About machine customization

Prior to deployment, MAAS machines can be customised in a number of ways, including:

• machine storage.
• commissioning and deployment configurations (known as “pre-seeding”).
• custom Ubuntu kernels.
• kernel boot options.

In MAAS v3.2+, machines can be modified post-deployment — while running — by swapping hardware or adjusting the VM from the host. This enables you to:

• add or remove disks
• add or remove network interfaces
• add or remove PCI devices
• add or remove USB devices

You cannot make these changes to a deployed machine using MAAS.

During deployment, you can enable periodic hardware sync, allowing deployed machines to update BMC settings and tags in real time as changes occur.

Customising storage

MAAS configures machine storage, supporting traditional partitioning, LVM, RAID, bcache, and UEFI boot.

MAAS does not support deploying ZFS beyond the root device; doing so is not recommended.

Storage depends on physical disks but is configured using a layout, applied during commissioning. Modify storage at the filesystem level post-deployment and choose from various disk erasure options when releasing a machine.

MAAS supports storage setup for CentOS and RHEL, including RAID, LVM, and custom partitioning (excluding ZFS and bcache). This requires an updated Curtin version, available via PPA.

UEFI booting

All layout types support UEFI boot, with MAAS automatically creating a 512MB FAT32 EFI partition (/boot/efi on sda1). Users need only enable UEFI — no further action is required. However, UEFI must remain enabled throughout the machine’s lifecycle; disabling it after enlistment will cause failures.

Block devices

Once the initial storage layout has been configured on a machine, you can perform many operations to view and adjust the entire storage layout for the machine. In MAAS there are two different types of block devices.

*Physical

A physical block device is a physically attached block device such as a 100GB hard drive connected to a server.

*Virtual

A virtual block device is a block device that is exposed by the Linux kernel when an operation is performed. Almost all the operations on a physical block device can be performed on a virtual block device, such as a RAID device exposed as md0.

Partitions

As with block devices, MAAS and the MAAS API offer a great deal of control over the creation, formatting, mounting and deletion of partitions.

Storage restrictions

There are three restrictions for the storage configuration:

1. An EFI partition is required to be on the boot disk for UEFI.
2. You cannot place partitions on logical volumes.
3. You cannot use a logical volume as a Bcache backing device.

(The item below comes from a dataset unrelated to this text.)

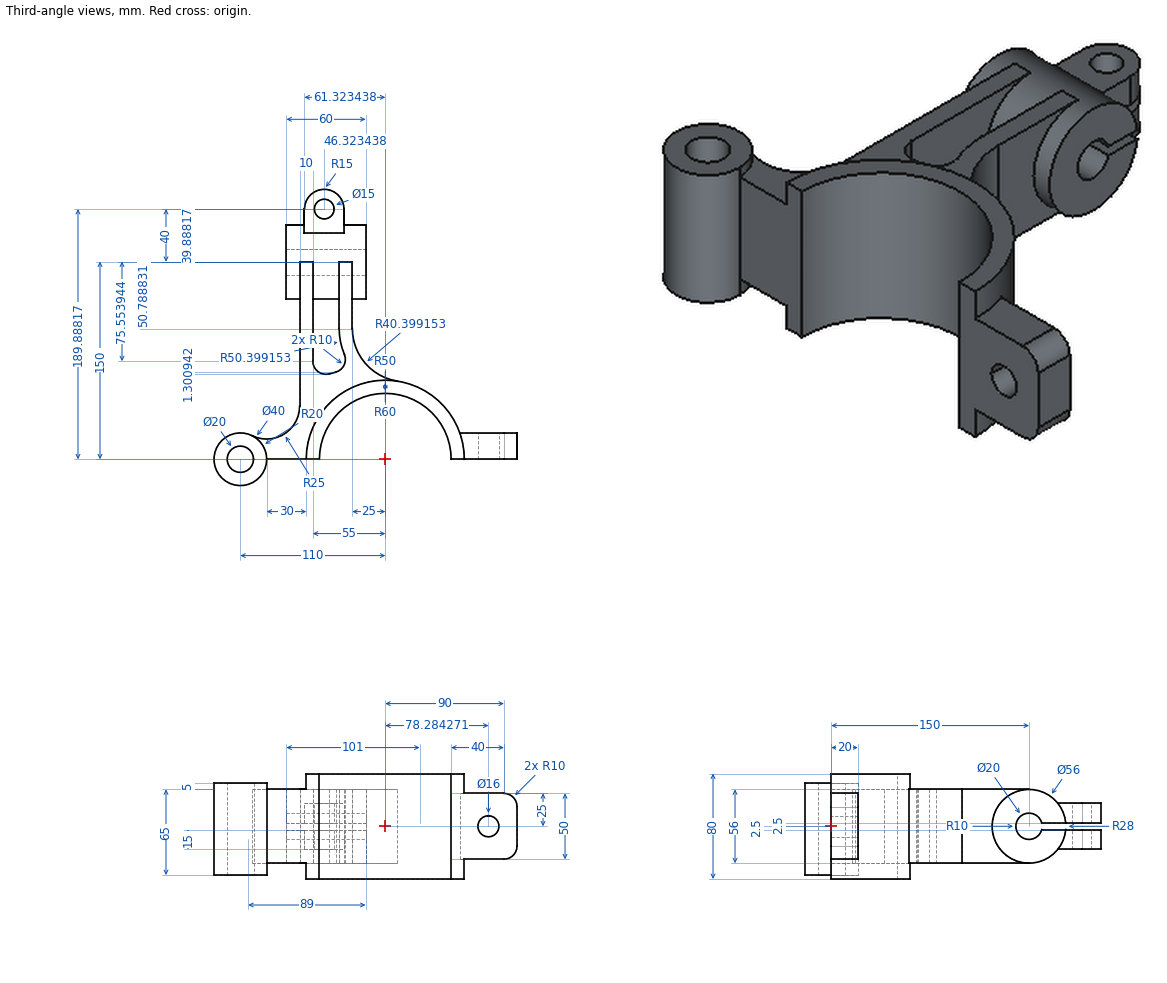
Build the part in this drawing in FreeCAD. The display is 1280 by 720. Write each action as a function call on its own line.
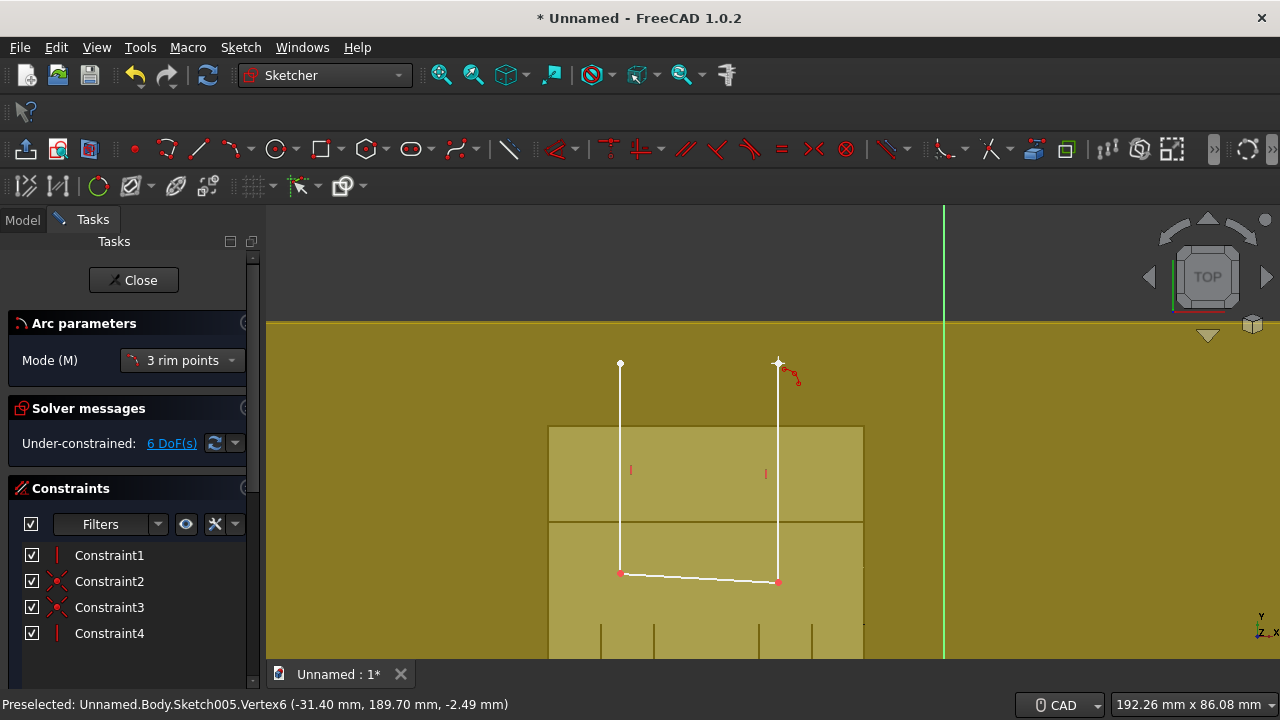
click(778, 364)
click(620, 364)
click(699, 284)
key(Escape)

Violating these restrictions will prevent a successful deployment.

VMFS data stores

MAAS configures VMware VMFS Datastore layouts to maximize local disk use for ESXi. The VMFS6 layout, required for ESXi, creates a datastore1 VMFS Datastore using leftover boot disk space after OS partitioning.

Final storage mods

Once MAAS provisions a machine with block devices, via a layout or administrator customisation, a regular user can modify the resulting storage configuration at the filesystem level.

Disk erasure

Disk erasure removes data from a machine’s disks upon release. Users can set a default configuration or select from three erasure types:

1. Standard erasure - Overwrites all data with zeros.
2. Secure erasure -Secure erase works like Standard erase but is much faster since the disk’s firmware handles it. However, some disks—especially SCSI, SAS, and FC—may not support this method.
3. Quick erasure - Same as Standard erase but only targets the first 1 MB and the last 1 MB of each disk. This removes the partition tables and/or superblock from the disk, making data recovery difficult but not impossible.

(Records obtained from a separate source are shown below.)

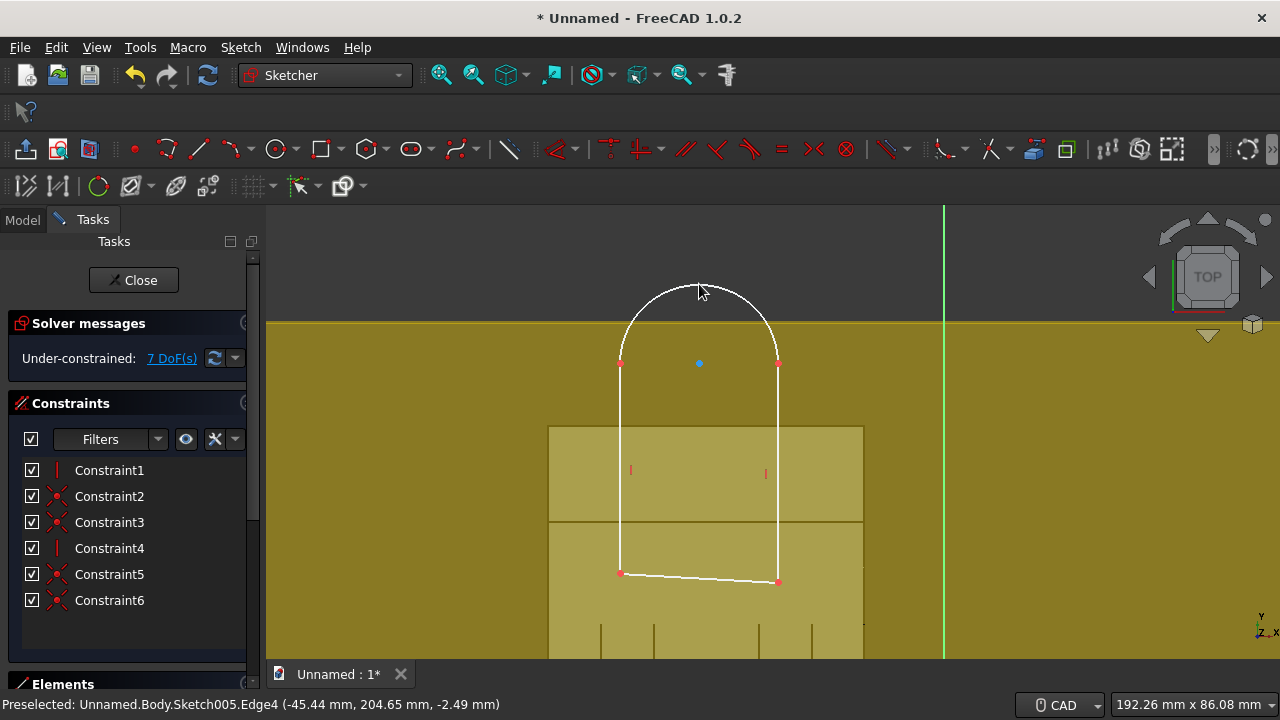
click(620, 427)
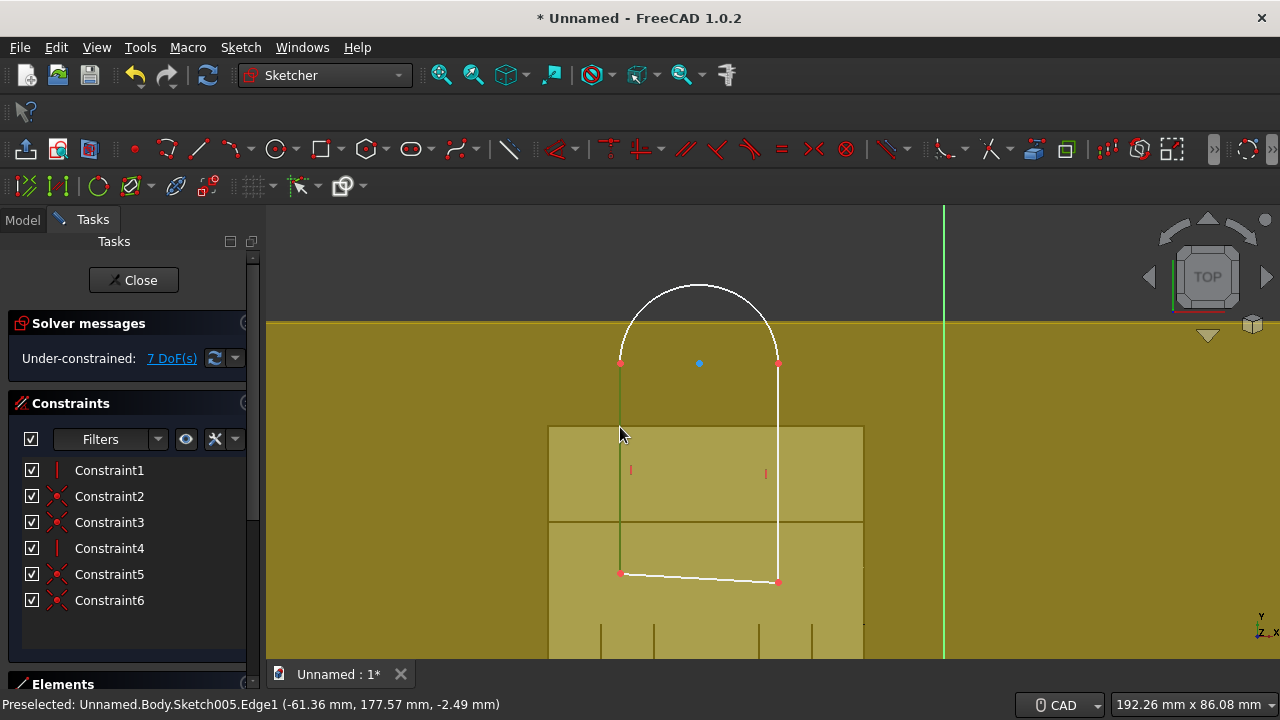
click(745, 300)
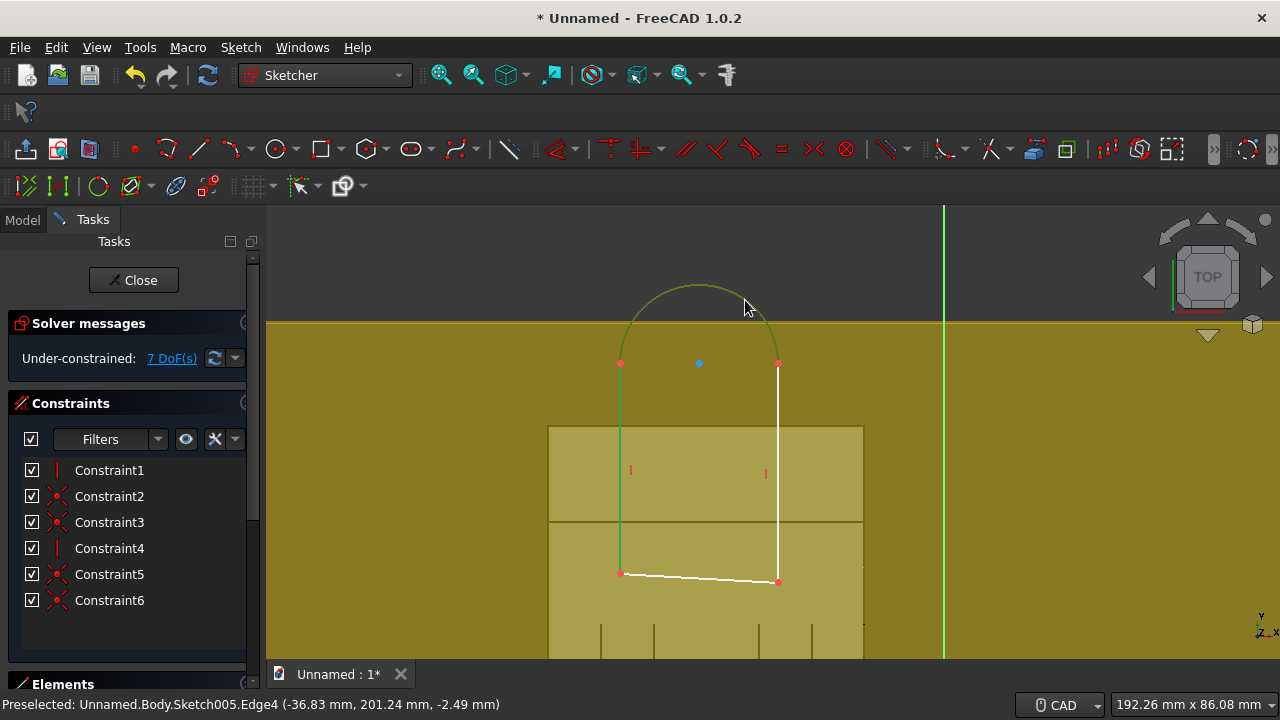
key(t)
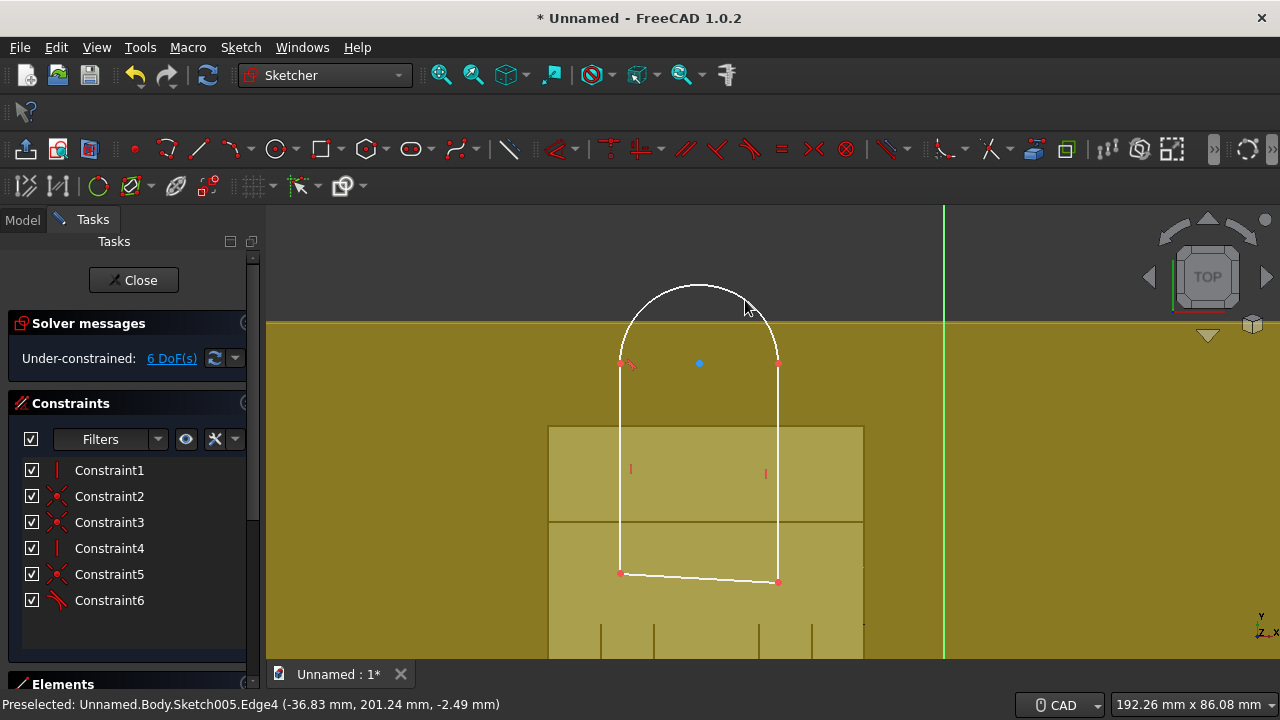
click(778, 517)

Pay attention: if all three options are checked when the machine is released, the following order of preference is applied:

1. Use ‘secure erase’ if the disk supports it
2. If it does not, then use ‘quick erase’

Pre-seeding

During enlistment, deployment, commissioning, and installation, MAAS sends Tempita-derived configuration files to cloud-init. This pre-seeding process configures a machine’s ephemeral and installation environments, allowing customization.

Preseeding in MAAS can be achieved in two ways:

1. Curtin^, a preseeding system similar to Kickstart or d-i (Debian Installer), applies customisation during operating system (OS) image installation. MAAS performs these changes on deployment, during OS installation, but before the machine reboots into the installed OS. Curtin customisations are perfect for administrators who want their deployments to have identical setups all the time, every time. This blog post^ contains an excellent high-level overview of custom MAAS installs using Curtin.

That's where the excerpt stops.